START Exercise material
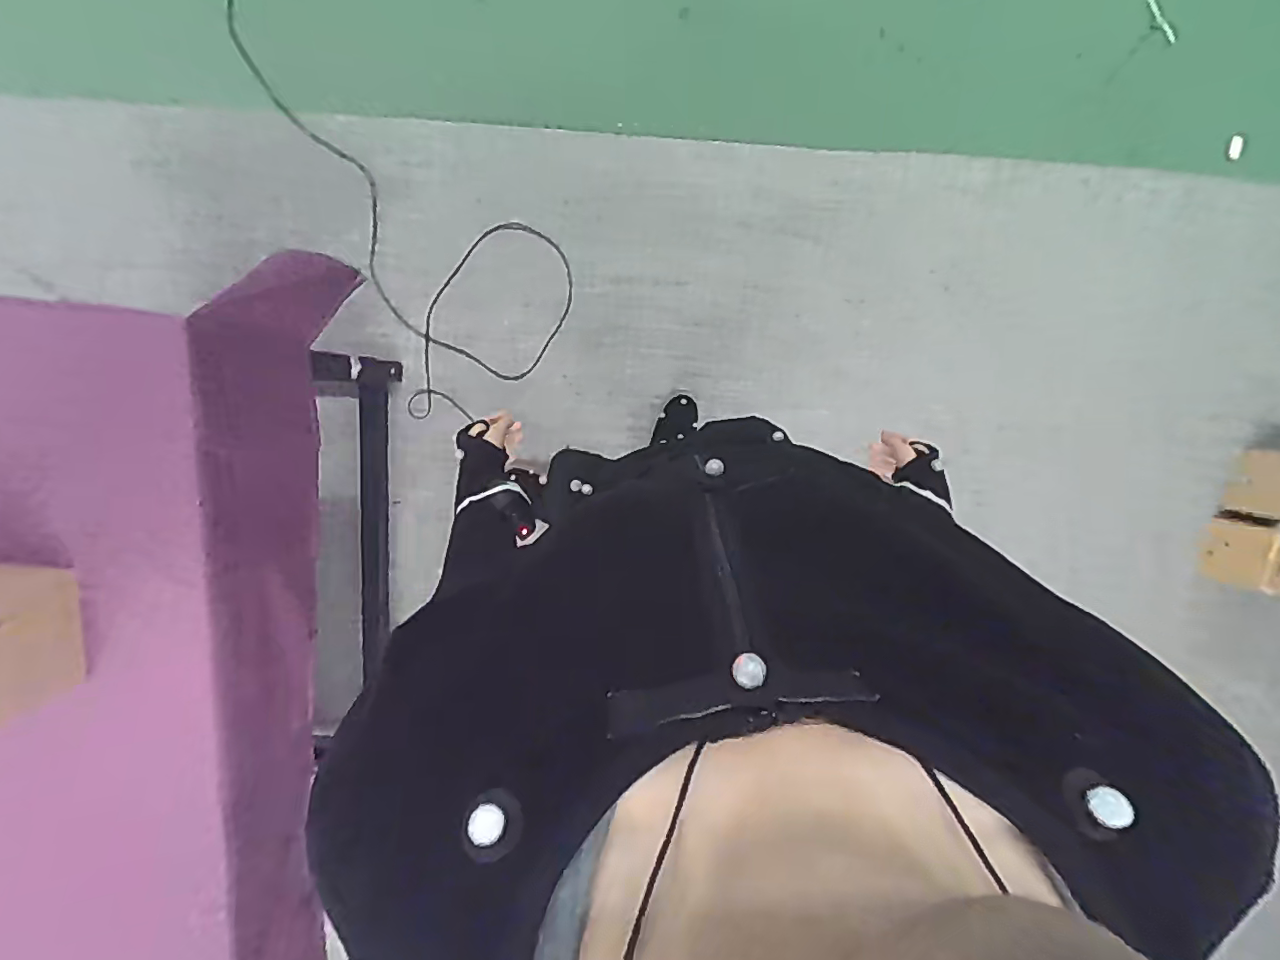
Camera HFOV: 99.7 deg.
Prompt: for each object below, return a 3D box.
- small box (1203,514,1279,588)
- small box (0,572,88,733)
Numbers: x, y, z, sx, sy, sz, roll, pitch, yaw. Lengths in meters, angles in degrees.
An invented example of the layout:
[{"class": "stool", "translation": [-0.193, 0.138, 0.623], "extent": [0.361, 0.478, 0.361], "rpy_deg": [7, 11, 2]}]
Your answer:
END Exercise material
Problem statement: The response must repeat all the lines above exactly and include no pictures.

Response to the exercise:
Camera HFOV: 99.7 deg.
Prompt: for each object below, return a 3D box.
- small box (1203,514,1279,588)
- small box (0,572,88,733)
Numbers: x, y, z, sx, sy, sz, roll, pitch, yaw. Lengths in meters, angles in degrees.
An invented example of the layout:
[{"class": "stool", "translation": [-0.193, 0.138, 0.623], "extent": [0.361, 0.478, 0.361], "rpy_deg": [7, 11, 2]}]
Your answer:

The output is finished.